Big, Thick, Throbbing, Data

I'm going to try and keep this short and sweet.

On Freakonomics the other day I finally heard someone echo my concerns about the "big data" approach to scientific problems.  The theme for the show was "this idea needs to die" and Emanual Derman, a professor at Columbia University, former Wall Street financial analyst, and also former particle physicist had the following to say:

"The scientific idea that I believe is ready for retirement is one that’s very fashionable now, and that’s the use and the power of statistics. It’s a subject that’s become increasingly popular with increasing power of computers, computer science, information technology, and everybody’s interest in economics and big data, which  have all come together in some sort of nexus to make people think that just looking at data is going to be enough to tell you truths about the world. And I don’t really believe that."

He goes on to describe how Kepler, after years of studying the work of Tycho Brahe (a hell of a character if you've never heard of him) managed to arrive at the equal area, equal time rule, and how it was tremendous insight and intuition that guided him to that knowledge, not churning through endless amounts of data.

We're at a wonderful crossroads right now in the sciences.  We have access to tools that are almost more powerful than we know what to do with.  Nvidia just today released a $15,000 supercomputer that would make the likes of Jon Von Neumann or Alan Turing faint.  Heck, we model entire physical worlds full of reflecting light and sound and surfaces and characters that talk to us... and that's just for entertainment (video games).  More amazing than anything is that it keeps getting more and more powerful.  Short of the most computationally intensive problems, you can spend a few thousand bucks and do powerful scientific modeling in your own home as a hobby; it's truly a beautiful thing.

There's this big push right now in science to generate tons and tons of data and the create these "machine learning" or "deep learning" algorithms to process them.  This approach is how Google gives you search results, it's how Siri knows what to return when you ask it for movie times, and it's how more and more folks are starting to approach science.

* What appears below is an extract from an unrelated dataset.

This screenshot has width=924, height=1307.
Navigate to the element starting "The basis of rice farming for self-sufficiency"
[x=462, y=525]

There's sort of nothing wrong with these approaches in a pragmatic sense: they get the job done quite well, we have the computing power, and they will adapt as we adapt to give us what we want.  I also should echo here that I'm fascinated by this stuff and have a lot of personal interest in machine learning, so I don't want people to think that I'm opposed to it overall.

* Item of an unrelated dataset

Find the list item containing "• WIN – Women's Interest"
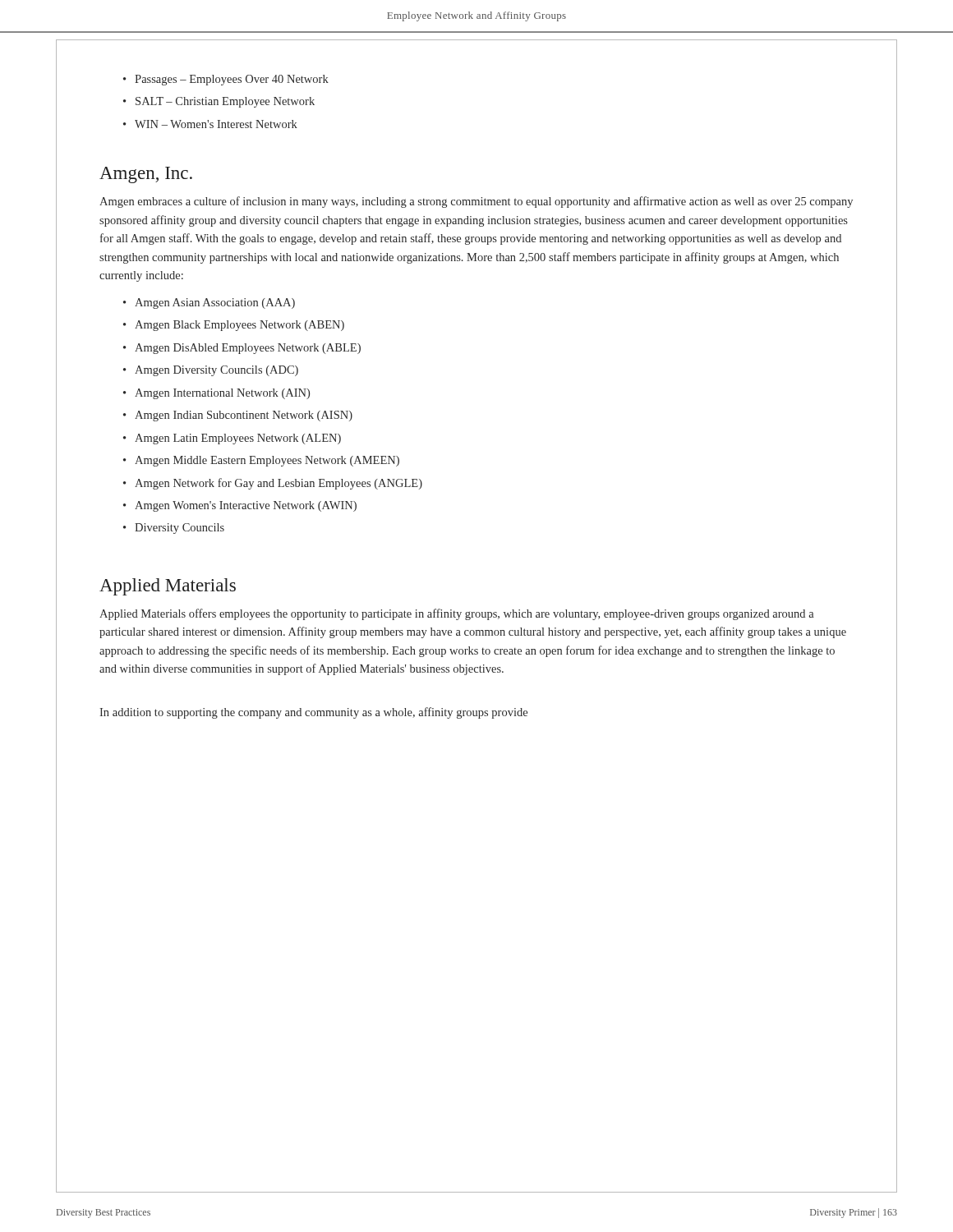The image size is (953, 1232). tap(210, 124)

Part of the reason I got into science was that I was always fascinated at those moments of baffling intuition or sheer cleverness from great scientists and engineers.  I honestly don't believe that those are the same as shoving a big CSV file into an algorithm someone else wrote and getting some tuning parameters out.

Machine learning on a truly powerful scale is still very much in its infancy and we need to keep that in mind.  The power of statistics lies in just pure volume of measurements and data, and in many cases people are trying to apply these ideas without those things.  We also can't rely on machine learning as a replacement for intuition and study... at least not yet. Data can and absolutely should guide intuition, but we can't look at it as a replacement just yet for actually thinking through these problems.  Data and intuition are inseparable: data would be worthless without folks trying to interpret it and intuition would guide you to nothing if you didn't have data.  Let's just be sure to not forget that.

... but computers ARE fucking awesome.  Don't get it twisted.